Nuclear hardening (read EMP, EMI, and HERO testing compliant) is standard practice on most Air Force acquisitions. We'll still have the toys in the event of an EM pulse. If you don't place faith in computers, the shuttle doesn't fly, nor would have the X-35, the B2, the F-117, and TF would never have passed the test when the F-111 took to flying 100 feet off the deck at 500 mph at night in rugged terrain to deliver pin-point weapons accuracy as far back as 1967. Mind you that is just a small slice from the military air side of the house. Even our aerospace ground equipment used to service the aircraft is nuclear hardened. EMP has been considered since we blacked out comm in half the Pacific rim during one of the early nuclear tests back in the '50s. Contingency planning is alive and well in the rest of the military as well. Do you really think the Pentagon on down is really unprepared for this.

The "EMP bomb" as you call it is the stuff of movies for now – sure I enjoyed the <b>Ocean’s 11</b> remake too. Go to the Sandia Labs home page to find out how the unclassified part of EMP, EMI, and HERO testing are done. The EM pulse is present during the initial detonation of nuclear weapons and area coverage depends on the altitude of the explosion. Hardening is the process whereby vital components are protected against EMP. As a weapons system acquisition logistician I could tell you more about these requirements but I may be required to shoot you so let’s not go there.

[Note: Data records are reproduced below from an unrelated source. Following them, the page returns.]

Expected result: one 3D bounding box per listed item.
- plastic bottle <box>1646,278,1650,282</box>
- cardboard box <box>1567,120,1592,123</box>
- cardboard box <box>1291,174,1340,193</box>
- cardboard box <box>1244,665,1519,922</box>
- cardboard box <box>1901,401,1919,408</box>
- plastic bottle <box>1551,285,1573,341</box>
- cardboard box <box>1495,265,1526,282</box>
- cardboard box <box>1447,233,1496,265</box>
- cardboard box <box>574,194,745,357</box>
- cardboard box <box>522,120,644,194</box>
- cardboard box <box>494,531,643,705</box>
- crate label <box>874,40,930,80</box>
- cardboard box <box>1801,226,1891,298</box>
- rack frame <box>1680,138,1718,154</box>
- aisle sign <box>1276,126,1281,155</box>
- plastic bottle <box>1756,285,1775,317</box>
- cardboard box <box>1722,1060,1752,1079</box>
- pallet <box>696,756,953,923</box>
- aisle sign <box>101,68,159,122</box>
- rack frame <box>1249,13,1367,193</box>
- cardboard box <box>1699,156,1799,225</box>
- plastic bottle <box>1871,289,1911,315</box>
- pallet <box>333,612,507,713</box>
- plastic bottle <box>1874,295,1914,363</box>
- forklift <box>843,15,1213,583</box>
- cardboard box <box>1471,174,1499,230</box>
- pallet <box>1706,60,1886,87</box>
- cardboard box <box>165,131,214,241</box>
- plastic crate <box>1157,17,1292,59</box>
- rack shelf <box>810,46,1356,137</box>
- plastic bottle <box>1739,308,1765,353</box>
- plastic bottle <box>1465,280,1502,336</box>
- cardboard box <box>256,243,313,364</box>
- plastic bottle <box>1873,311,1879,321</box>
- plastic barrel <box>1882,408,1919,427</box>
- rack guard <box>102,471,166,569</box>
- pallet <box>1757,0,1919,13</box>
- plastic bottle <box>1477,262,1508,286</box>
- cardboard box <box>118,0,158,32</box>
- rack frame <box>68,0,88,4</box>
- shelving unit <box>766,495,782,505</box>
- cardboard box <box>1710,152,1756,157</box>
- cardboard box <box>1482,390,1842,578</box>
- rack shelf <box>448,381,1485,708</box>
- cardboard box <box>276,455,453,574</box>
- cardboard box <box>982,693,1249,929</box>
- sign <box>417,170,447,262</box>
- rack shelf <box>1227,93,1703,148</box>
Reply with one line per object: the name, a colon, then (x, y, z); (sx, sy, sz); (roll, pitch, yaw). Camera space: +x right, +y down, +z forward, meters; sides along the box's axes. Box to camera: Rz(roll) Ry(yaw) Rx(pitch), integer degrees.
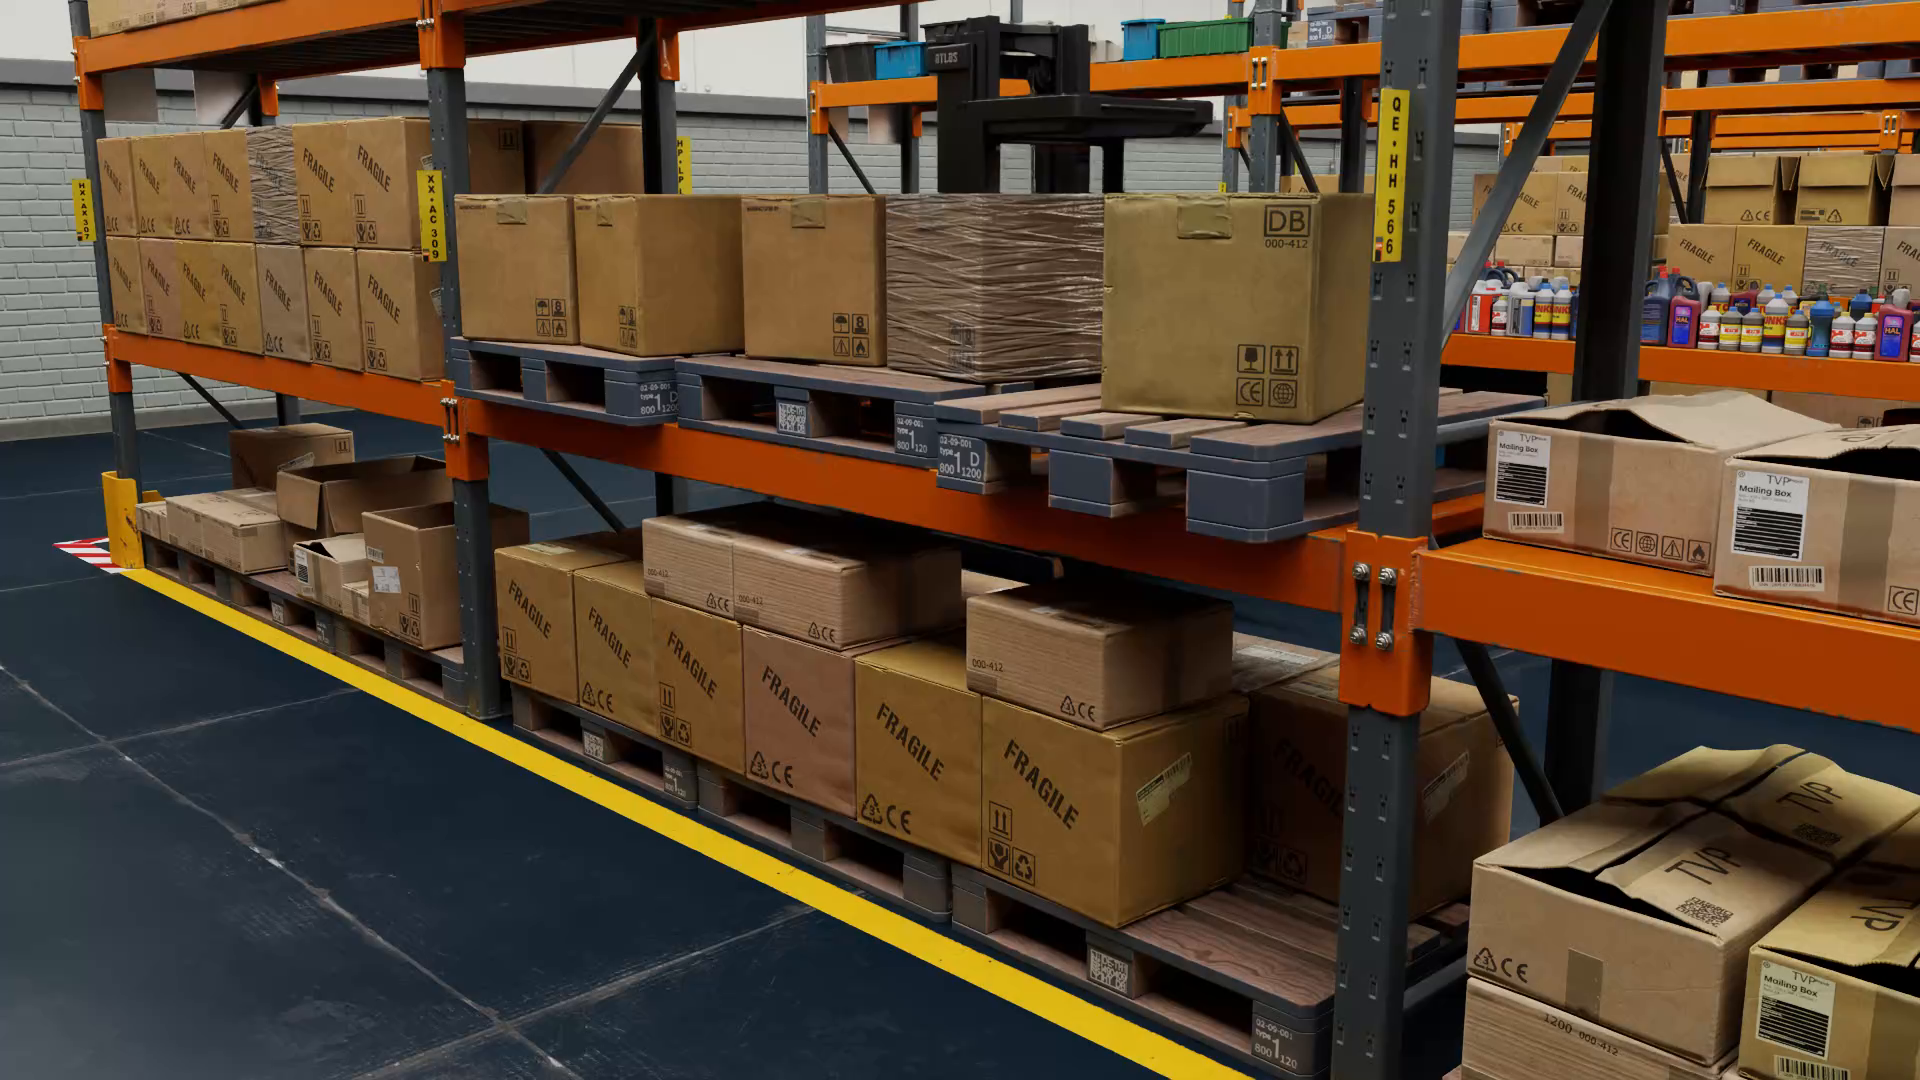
plastic bottle: (3.598, -1.249, 8.827); (0.061, 0.283, 0.133); (-11, 16, -43)
cardboard box: (7.009, -4.693, 18.197); (0.500, 0.250, 0.500); (-10, 15, -41)
cardboard box: (3.347, -3.059, 15.101); (0.500, 0.500, 0.500); (11, 16, 44)
cardboard box: (1.115, 0.650, 4.427); (0.500, 0.500, 0.500); (-10, 15, -40)
cardboard box: (7.319, -1.032, 11.713); (1.225, 0.875, 0.875); (-11, 16, -42)
plastic bottle: (3.017, -1.138, 8.322); (0.097, 0.271, 0.097); (0, 12, 0)
cardboard box: (4.648, -2.205, 13.801); (0.380, 0.149, 0.250); (-11, 16, -42)
cardboard box: (4.422, -2.466, 14.081); (0.500, 0.250, 0.500); (-10, 16, -41)
cardboard box: (-0.853, -0.899, 5.553); (0.700, 0.500, 0.500); (-8, 14, -34)
cardboard box: (-1.661, -1.483, 6.950); (0.500, 0.500, 0.500); (-10, 16, -41)
cardboard box: (-1.381, 0.277, 6.237); (0.500, 0.500, 0.500); (11, 16, 43)
crate label: (-0.313, -3.326, 11.558); (0.408, 0.251, 0.502); (-11, 16, -43)
cardboard box: (6.458, -2.017, 12.019); (0.500, 0.500, 0.500); (11, 16, 44)
rack frame: (10.033, -4.181, 22.771); (1.000, 3.000, 0.127); (-11, 16, -43)
aisle sign: (3.033, -4.126, 16.060); (0.394, 0.787, 0.004); (-11, 16, -43)
plastic bottle: (4.045, -1.143, 8.345); (0.097, 0.271, 0.097); (0, 12, 0)
cardboard box: (1.720, 1.079, 3.013); (0.500, 0.250, 0.500); (11, 16, 44)
pallet: (-0.103, 0.821, 5.403); (1.003, 0.211, 1.213); (-11, 16, -43)
aisle sign: (-4.561, -2.662, 8.958); (0.394, 0.787, 0.004); (-11, 16, -43)
rack frame: (2.046, -1.526, 9.885); (1.000, 3.000, 0.127); (-11, 16, -43)
cardboard box: (6.075, -2.664, 12.676); (0.637, 0.503, 0.797); (11, 16, 44)
plastic bottle: (4.424, -1.057, 7.917); (0.152, 0.276, 0.135); (-11, 16, -43)
pallet: (-2.013, 0.429, 7.305); (1.003, 0.211, 1.213); (-11, 16, -43)
plastic bottle: (4.061, -0.918, 7.224); (0.061, 0.283, 0.133); (-11, 16, -43)
forklift: (0.651, -1.306, 8.986); (1.130, 2.935, 3.031); (-10, 15, -41)
cardboard box: (4.785, -2.909, 14.376); (0.500, 0.500, 0.500); (11, 16, 43)
pallet: (6.297, -3.465, 12.335); (1.217, 0.209, 0.805); (11, 16, 43)
cardboard box: (-3.477, -1.708, 8.044); (0.500, 0.500, 0.500); (-11, 16, -42)
plastic crate: (1.535, -2.911, 9.699); (0.450, 0.188, 0.662); (-11, 16, -43)
rack shelf: (0.665, -2.935, 11.071); (1.077, 0.370, 4.000); (-11, 16, -43)
plastic bottle: (3.658, -0.969, 7.671); (0.097, 0.201, 0.097); (0, 12, 0)
plastic bottle: (2.729, -1.209, 8.656); (0.152, 0.276, 0.135); (-11, 16, -43)
cardboard box: (-2.783, -1.072, 7.434); (0.500, 0.500, 0.500); (-10, 16, -41)
plastic bottle: (4.346, -1.001, 7.826); (0.097, 0.201, 0.097); (0, 12, 0)
plastic barrel: (4.458, -0.154, 7.563); (0.600, 0.830, 0.708); (-11, 16, -43)
rack guard: (-4.249, -0.185, 9.569); (1.175, 0.500, 0.348); (-11, 16, -43)
pallet: (4.351, -2.444, 7.375); (1.003, 0.211, 1.213); (-11, 16, -43)
plastic bottle: (2.941, -1.366, 9.231); (0.144, 0.351, 0.185); (-11, 16, -43)
cardboard box: (-3.795, -2.631, 8.184); (0.500, 0.250, 0.500); (-11, 16, -43)
rack frame: (-4.302, -4.358, 8.765); (1.000, 3.000, 0.127); (-11, 16, -43)
shelving unit: (-0.747, -0.725, 10.642); (0.538, 1.125, 1.048); (-10, 15, -41)
cardboard box: (8.061, -3.759, 17.262); (0.500, 0.500, 0.500); (-10, 16, -41)
cardboard box: (1.443, -0.150, 3.425); (0.500, 0.311, 0.500); (-10, 15, -39)
rack shelf: (-0.158, -0.192, 5.193); (1.077, 0.370, 4.000); (-11, 16, -43)
cardboard box: (-2.840, -0.103, 8.072); (0.797, 0.503, 0.637); (-11, 16, -43)
cardboard box: (0.407, 0.653, 4.415); (0.500, 0.500, 0.500); (-10, 15, -40)
sign: (-1.926, -1.184, 6.077); (0.100, 0.325, 0.005); (-11, 16, -43)
rack shelf: (4.247, -3.625, 14.421); (1.077, 0.370, 4.000); (-11, 16, -43)

The critics who deride our faith in computers probably research the web and the news wires from their PCs and laptops to find ever so irrelevant material to bash the military anyway. Don't you find that a little bit hypocritical. Our planner’s faith in computers has given us the surgical precision of Global Positioning to deliver weapons to your car or doorstep and the same computer based technology relays the information worldwide at the speed of light so that everyone else can scream about innocent victims and collateral damage. Never mind that war is **** and civilians have always died in wars past. The fact that we are concerned enough to have reduced the damage below that which our enemies would inflict on us will not be discussed on the reader feedback e-mails.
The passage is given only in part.